With a mile in my favor, the little ponies ridden by the pursuers could not overtake me.
While these thoughts occurred to me as affording a possible means of escape, the brigands doubtless felt that as soon as I began to descend the hill they would have me at their mercy. Immediately after passing the crown of the hill I lost sight of them. Tightening the girth I sprang into the saddle and urged my horse to his utmost speed. The narrow trail was thickly studded with boulders rising several inches above the surface, over which my horse took many a flying leap, and I was not without apprehension that an unlucky stumble of my faithful Ned in attempting to clear them might unhorse me.
When the robbers reached the top of the divide and saw me at full speed a mile in advance they comprehended the ruse, and putting spurs to their horses, gave me instant chase.
It was then that my race for life began. They gained upon me rapidly at the commencement, and at one time were so near that I could hear the labored breathing of their horses. So close, indeed, were they that I seized my cantinas with the purpose of casting the twenty-five pound sack of gold dust into the first sheltered nook I could see by the wayside to lighten the burden of my horse. No opportunity offered, however, that would have escaped the sight of those in pursuit, and I replaced the sack, and with the weight in excess of two hundred pounds my gallant horse strove on with unabated speed until I saw one by one the horses of the robbers worn out by exhaustion. Two of them that followed longest finally closed the pursuit with an infernal yell and gave up the chase.
After an urgent ride of two or three miles farther I completed the trip by a slow pace through the Deer Lodge Valley, and the next morning took the coach from Deer Lodge City to Helena, thankful for an escape from a peril I hope never again to encounter.
CHAPTER XLIX
AN INTERESTING ADVENTURE
For the first three or four years after the settlement of Montana, a favorite mode of returning to the States was by Mackinaw boat, down one or the other of the two great rivers whose upper waters traverse the Territory. The water trip, if not less exposed to Indian attack, was pleasanter, less laborious and expensive, and sooner accomplished than the long, weary journey by the plains.
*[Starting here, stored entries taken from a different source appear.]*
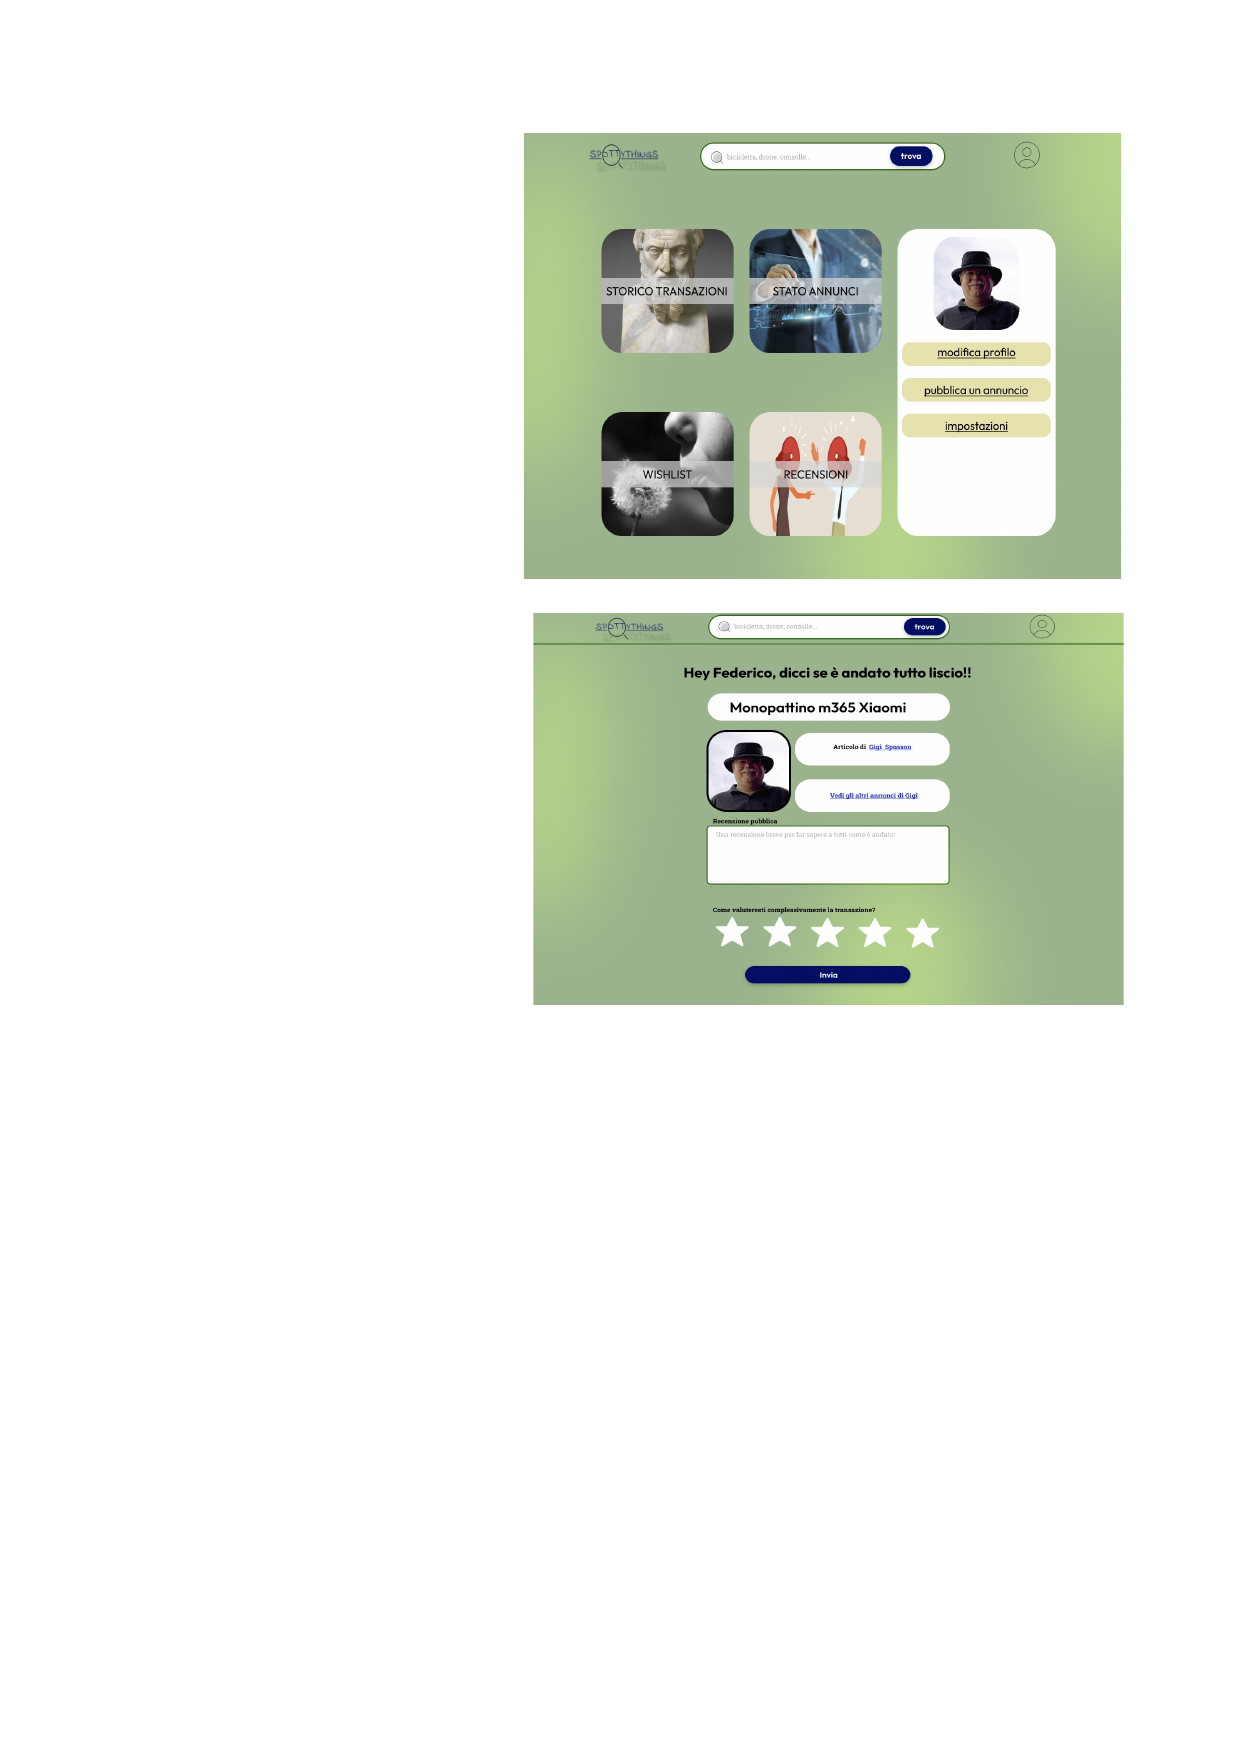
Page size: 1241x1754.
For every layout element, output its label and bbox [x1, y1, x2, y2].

picture [533, 613, 1124, 1005]
picture [523, 133, 1122, 579]
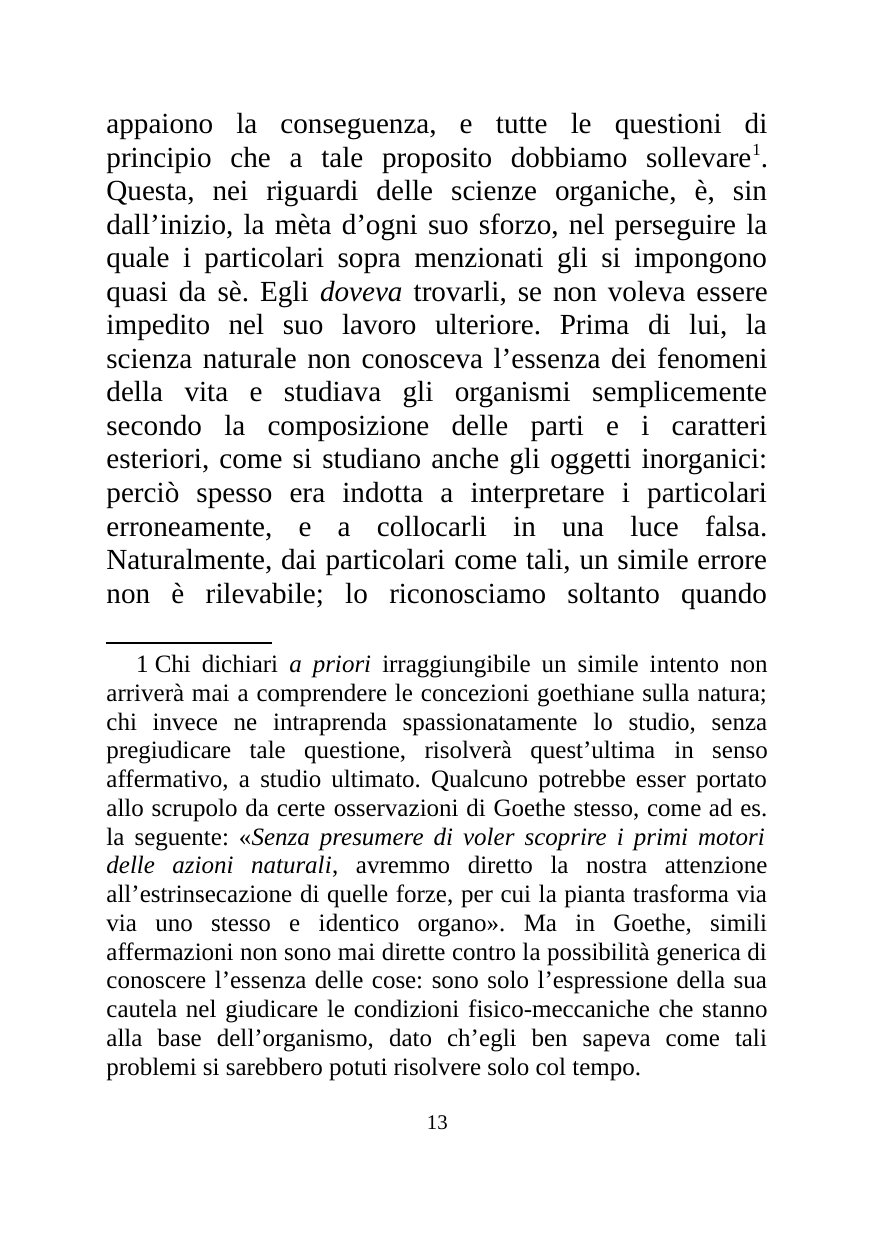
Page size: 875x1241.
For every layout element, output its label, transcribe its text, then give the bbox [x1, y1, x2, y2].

text appaiono la conseguenza, e tutte le questioni di principio che a tale proposito dobbiamo sollevare. Questa, nei riguardi delle scienze organiche, è, sin dall’inizio, la mèta d’ogni suo sforzo, nel perseguire la quale i particolari sopra menzionati gli si impongono quasi da sè. Egli doveva trovarli, se non voleva essere impedito nel suo lavoro ulteriore. Prima di lui, la scienza naturale non conosceva l’essenza dei fenomeni della vita e studiava gli organismi semplicemente secondo la composizione delle parti e i caratteri esteriori, come si studiano anche gli oggetti inorganici: perciò spesso era indotta a interpretare i particolari erroneamente, e a collocarli in una luce falsa. Naturalmente, dai particolari come tali, un simile errore non è rilevabile; lo riconosciamo soltanto quando [106, 106, 768, 609]
text Chi dichiari a priori irraggiungibile un simile intento non arriverà mai a comprendere le concezioni goethiane sulla natura; chi invece ne intraprenda spassionatamente lo studio, senza pregiudicare tale questione, risolverà quest’ultima in senso affermativo, a studio ultimato. Qualcuno potrebbe esser portato allo scrupolo da certe osservazioni di Goethe stesso, come ad es. la seguente: «Senza presumere di voler scoprire i primi motori delle azioni naturali, avremmo diretto la nostra attenzione all’estrinsecazione di quelle forze, per cui la pianta trasforma via via uno stesso e identico organo». Ma in Goethe, simili affermazioni non sono mai dirette contro la possibilità generica di conoscere l’essenza delle cose: sono solo l’espressione della sua cautela nel giudicare le condizioni fisico-meccaniche che stanno alla base dell’organismo, dato ch’egli ben sapeva come tali problemi si sarebbero potuti risolvere solo col tempo. [106, 649, 768, 1080]
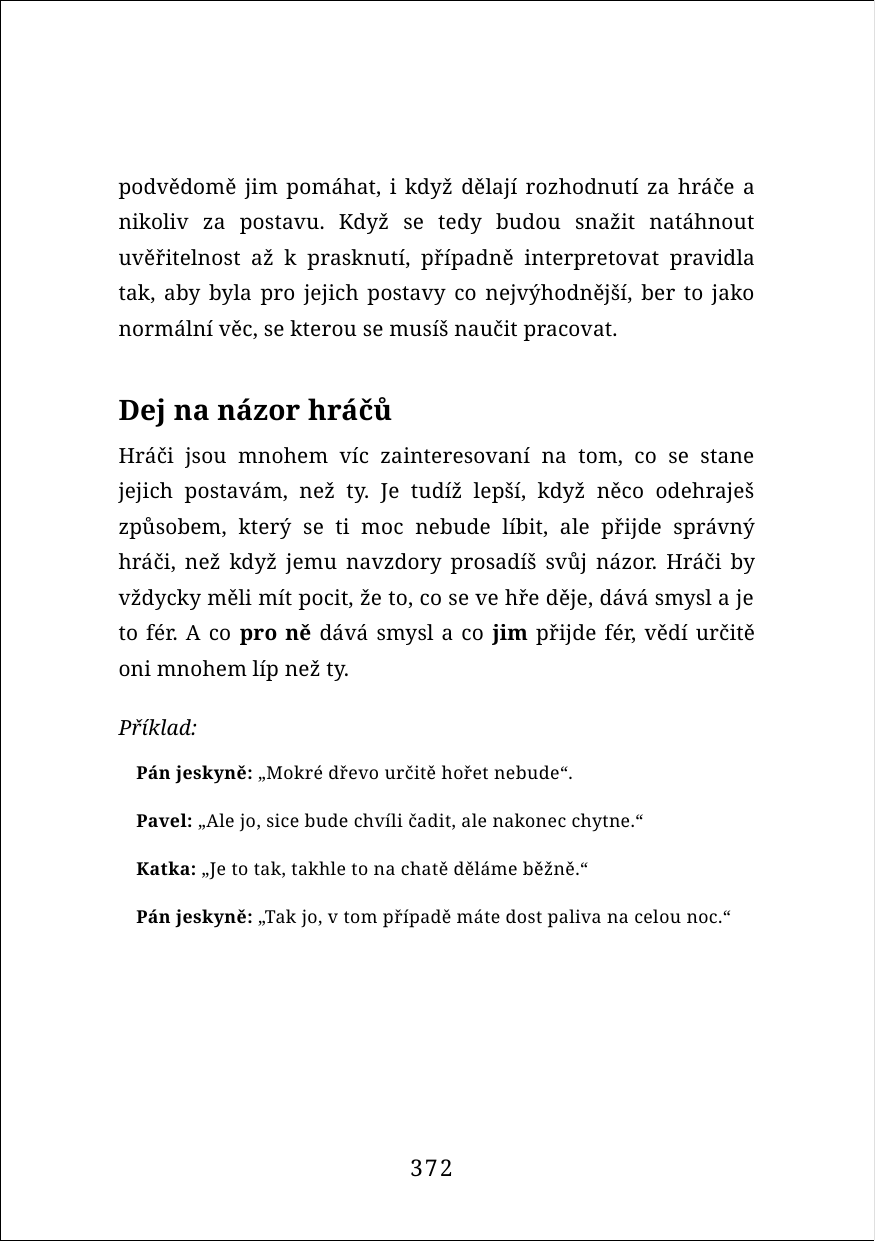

The upper portions, both of the Missouri and Yellowstone, pass through a country abounding in some of the grandest, most unique, and most richly diversified scenery on the continent. Of themselves the rivers are very beautiful,—their waters pure, cold, broken into frequent rapids; at one moment passing through tremendous cañons and gorges; at the next, babbling along widespread meads; and anon, as if by a transformation of enchantment, dashing into the midst of a desolation which realizes all the descriptive horrors of Dante’s “Inferno,”—affording to the eye a greater variety of picturesque beauty than any of the other great rivers of the continent. A journey down them in a Mackinaw boat is an incident to fill a prominent place in the most adventurous life.
The point selected for embarkation on the Yellowstone was about twelve miles above the spot where Captain Clark started on his descent of the river, when returning from the famous expedition of 1804–06. An isolated grove of lofty cottonwoods has grown upon the only soil within miles, under the overhanging crags of a cañon whose sombre walls lift themselves three thousand feet or more into the atmosphere. The river glides through those strong jaws with the swiftness and silence of a huge serpent escaping its pursuers, forming an eddy just in front of the grove, which, being convenient of access, was early selected as a favorable place for the construction of boats and embarkation of companies.
At this grove, in the Fall of 1865, a company of six hundred persons commenced, in forty-three boats of different patterns, the long journey of three thousand miles to the States. The distance to the mouth of the Yellowstone was eight hundred and twenty miles, and little more was known of its general character at that time than could be derived from the geographical memoir written by Captain Clark sixty years before. A gentleman who belonged to the party has informed me that, after the first day’s sail, he had learned to confide so fully in this narrative for geographical accuracy, that he was enabled to anticipate, long before reaching them, every prominent landmark and rapid mentioned in it. No better geographers than Lewis and Clark have, since their time, visited the country which they explored; but their book, valuable as it must ever prove for its historical and topographical accuracy, left untold the surpassing grandeur and novelty of the scenes through which they passed. There is not a river in the world which, for its entire length of one thousand miles, presents with the same grandeur and magnificence so much of novelty and variety in the stupendous natural architecture that adorns its banks. Its source is in a beautiful lake, unlike, in general character and appearance, any other body of water on the globe. It is surrounded by innumerable warm and hot springs, sulphur deposits, and mud volcanoes. At a few miles’ distance is the largest geyser basin in the world, and close at hand stupendous cataracts and beautiful cascades. Here, too, is a cañon which for forty miles of distance is filled with physical wonders, so numerous, strange, and various as to defy description, and almost surpass comprehension.